Outlined by Telegram CEO Pavel Durov in a post to his own platform, the controversy lies not only in what Apple requested, but also how it structured the demand under App Store guidelines.

On Oct. 8, Durov said Apple requested Telegram shut down three content channels run by pro-democracy protestors. Owners of the channels used Telegram's public forum feature to disseminate information on resistance efforts targeting Belarusian President Aleksandr G. Lukashenko, who is in a standoff with opponents after running a rigged election in September.

Uprisings in the country have been met with violence and Lukashenko this week threatened to use lethal weapons against protestors. The Belarusian president is currently facing down the specter of European Union sanctions if he does not agree to new elections, according to The New York Times.

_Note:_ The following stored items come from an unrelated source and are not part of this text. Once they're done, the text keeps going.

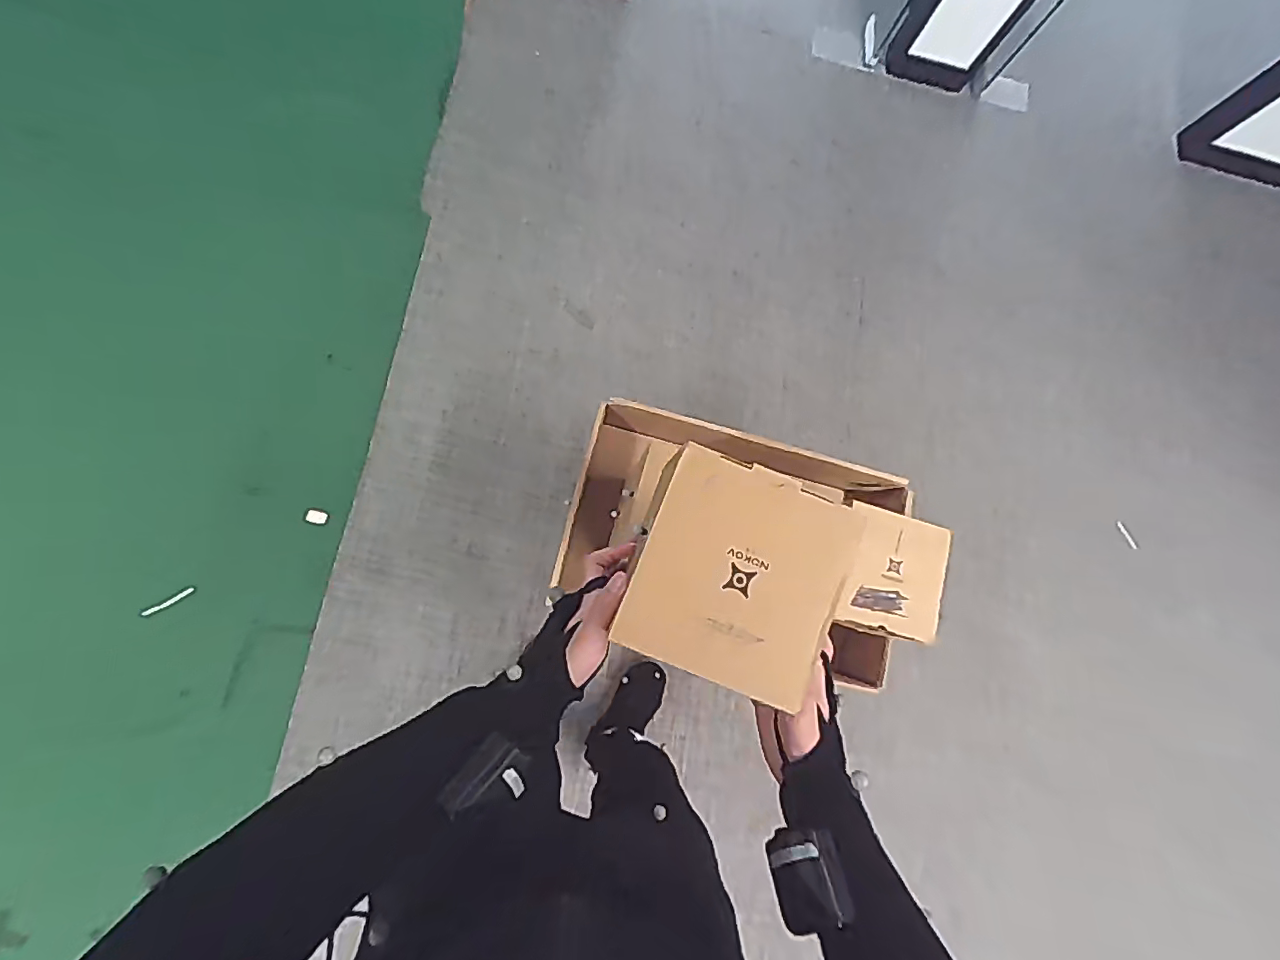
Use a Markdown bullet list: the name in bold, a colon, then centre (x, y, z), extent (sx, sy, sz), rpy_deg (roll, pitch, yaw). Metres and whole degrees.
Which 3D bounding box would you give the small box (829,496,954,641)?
- **small box**: centre (0.356, 0.139, 0.857), extent (0.168, 0.176, 0.179), rpy_deg (16, 79, -5)

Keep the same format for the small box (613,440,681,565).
- **small box**: centre (0.061, 0.060, 0.829), extent (0.168, 0.176, 0.179), rpy_deg (17, 79, -4)

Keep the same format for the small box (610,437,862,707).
- **small box**: centre (0.075, 0.081, 0.518), extent (0.168, 0.176, 0.179), rpy_deg (22, 83, 0)
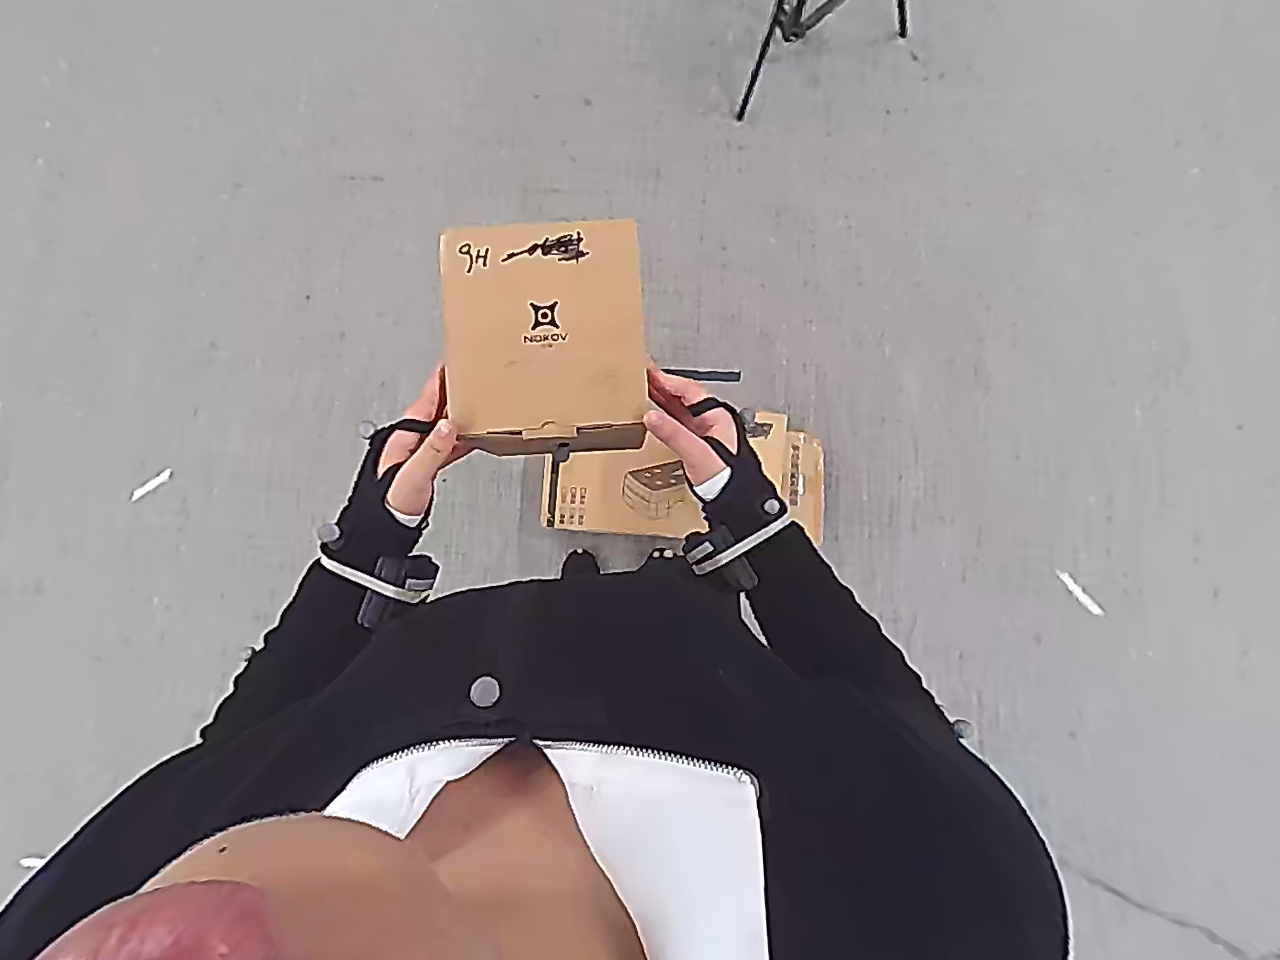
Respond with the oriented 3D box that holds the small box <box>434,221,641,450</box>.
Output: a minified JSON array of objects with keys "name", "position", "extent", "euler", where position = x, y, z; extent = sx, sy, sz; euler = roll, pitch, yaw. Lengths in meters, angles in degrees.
[{"name":"small box","position":[-0.085,-0.122,0.525],"extent":[0.168,0.176,0.179],"euler":[-4,88,-2]}]

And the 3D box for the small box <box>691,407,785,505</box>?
[{"name":"small box","position":[0.206,-0.046,1.178],"extent":[0.168,0.176,0.179],"euler":[7,83,1]}]

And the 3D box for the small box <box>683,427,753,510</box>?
[{"name":"small box","position":[0.197,-0.024,1.341],"extent":[0.168,0.176,0.179],"euler":[3,83,1]}]

Apple waded into the fray by declaring certain posts in violation of App Store rules. The company was concerned that publishing the personal information of law enforcement officials could incite violence, Durov said.

"I think this situation is not black and white and would rather leave the channels be, but typically Apple doesn't offer much choice for apps like Telegram in such situations," Durov wrote in a post dated Oct. 8. "Unfortunately, I assume these channels will end up getting blocked on iOS, but remain available on other platforms."

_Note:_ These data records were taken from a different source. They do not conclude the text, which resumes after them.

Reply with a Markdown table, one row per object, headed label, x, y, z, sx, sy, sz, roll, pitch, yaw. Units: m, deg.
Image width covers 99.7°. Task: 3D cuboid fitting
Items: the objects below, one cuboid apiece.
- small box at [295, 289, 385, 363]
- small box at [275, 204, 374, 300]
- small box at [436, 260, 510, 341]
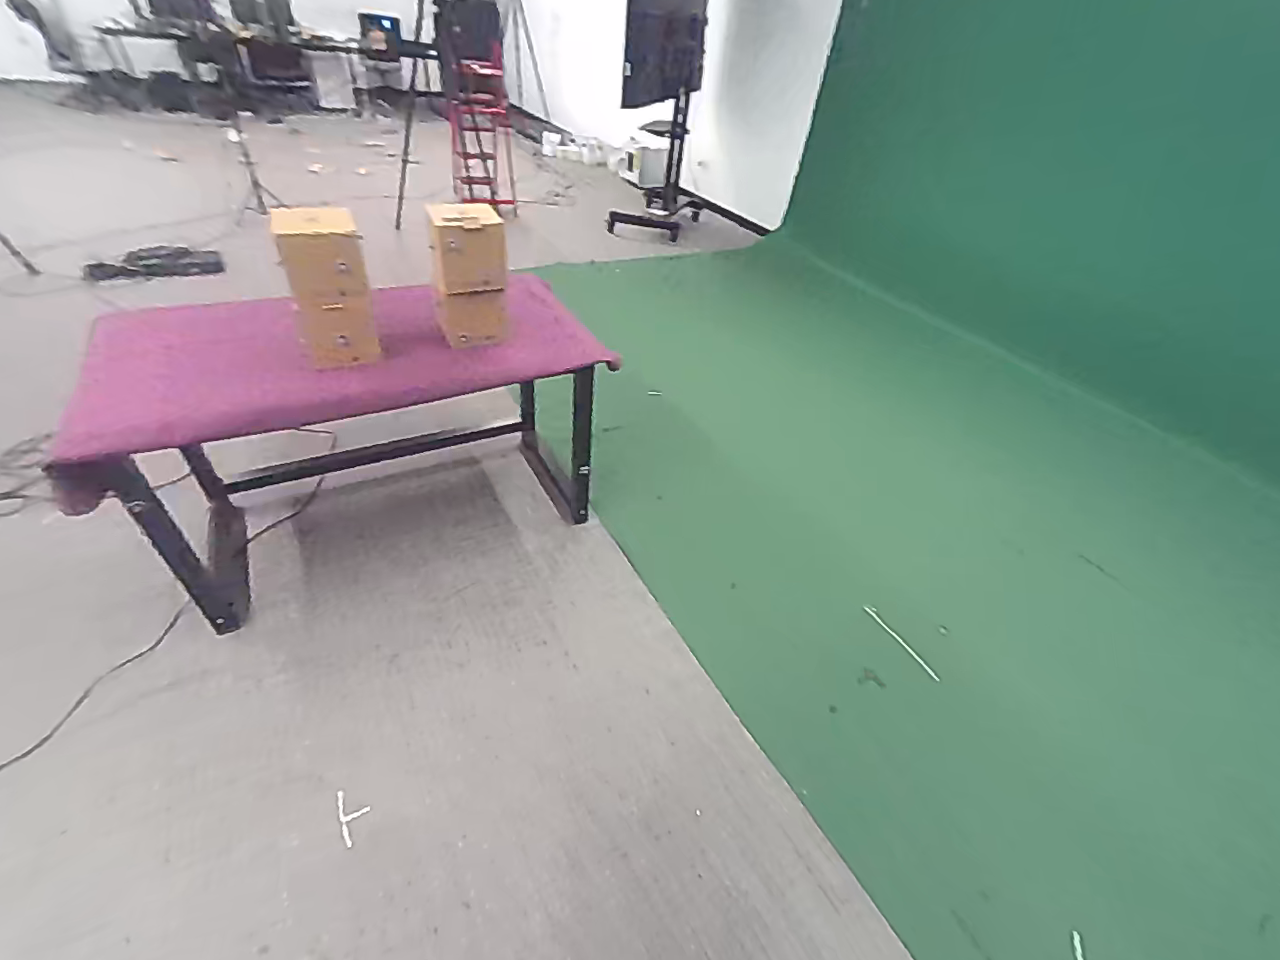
| label | x | y | z | sx | sy | sz | roll | pitch | yaw |
| --- | --- | --- | --- | --- | --- | --- | --- | --- | --- |
| small box | -0.764 | -0.411 | 1.383 | 0.168 | 0.176 | 0.179 | -14 | 46 | -23 |
| small box | -0.742 | -0.535 | 1.280 | 0.168 | 0.176 | 0.179 | -14 | 46 | -23 |
| small box | -0.470 | -0.505 | 1.532 | 0.168 | 0.176 | 0.179 | -12 | 45 | -23 |

Apple later told Gazeta that it did not want to close the channels, but instead sought the removal of specific posts "disclosing personal information." Durov countered, saying the three accounts in question "consist entirely of personal information of violent oppressors and those who helped rig the elections," concluding that the removal of offending posts effectively equates to shutting down those channels.

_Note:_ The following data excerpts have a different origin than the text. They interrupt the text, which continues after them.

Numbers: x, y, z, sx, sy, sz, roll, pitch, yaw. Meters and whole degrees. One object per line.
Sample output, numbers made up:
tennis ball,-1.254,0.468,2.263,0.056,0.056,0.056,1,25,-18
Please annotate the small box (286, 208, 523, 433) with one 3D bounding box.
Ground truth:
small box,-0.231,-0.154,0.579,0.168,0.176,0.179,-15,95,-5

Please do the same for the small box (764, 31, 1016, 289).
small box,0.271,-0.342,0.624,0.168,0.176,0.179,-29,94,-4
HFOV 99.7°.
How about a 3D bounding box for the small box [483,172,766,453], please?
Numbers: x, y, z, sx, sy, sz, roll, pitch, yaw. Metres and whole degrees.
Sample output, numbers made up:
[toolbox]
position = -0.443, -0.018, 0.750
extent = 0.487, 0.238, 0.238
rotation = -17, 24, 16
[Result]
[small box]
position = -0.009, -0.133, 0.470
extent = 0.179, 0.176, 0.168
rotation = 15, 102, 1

As noted by Daring Fireball's John Gruber on Wednesday, the Telegram controversy goes beyond App Store rules and raises questions as to how Apple enforces developer regulations.

In a Telegram post on Oct. 9, Durov points to policies that disallow developers from explaining App Store guidelines to customers.

"Previously, when removing posts at Apple's request, Telegram replaced those posts with a notice that cited the exact rule limiting such content for iOS users," he wrote. "However, Apple reached out to us a while ago and said our app is not allowed to show users such notices because they were "irrelevant"." (Emphasis in original)

Apple caught flak for leveling identical restrictions on Facebook in August. At the time, the social network wanted to issue a transparency notice informing users that it would not be able to roll out a paid event tool on iOS due to the App Store's customary 30% fee. Apple rejected the announcement as "irrelevant."

"I strongly disagree with Apple's definition of "irrelevant". I think the reason certain content was censored or why the price is 30% higher is the opposite of irrelevant," Durov said.

Telegram has butted heads with Apple in the past. In 2018, the app was temporarily banned from the App Store for hosting child pornography. More recently, Durov in July filed an antitrust complaint with the European Commission over App Store fees and platform control.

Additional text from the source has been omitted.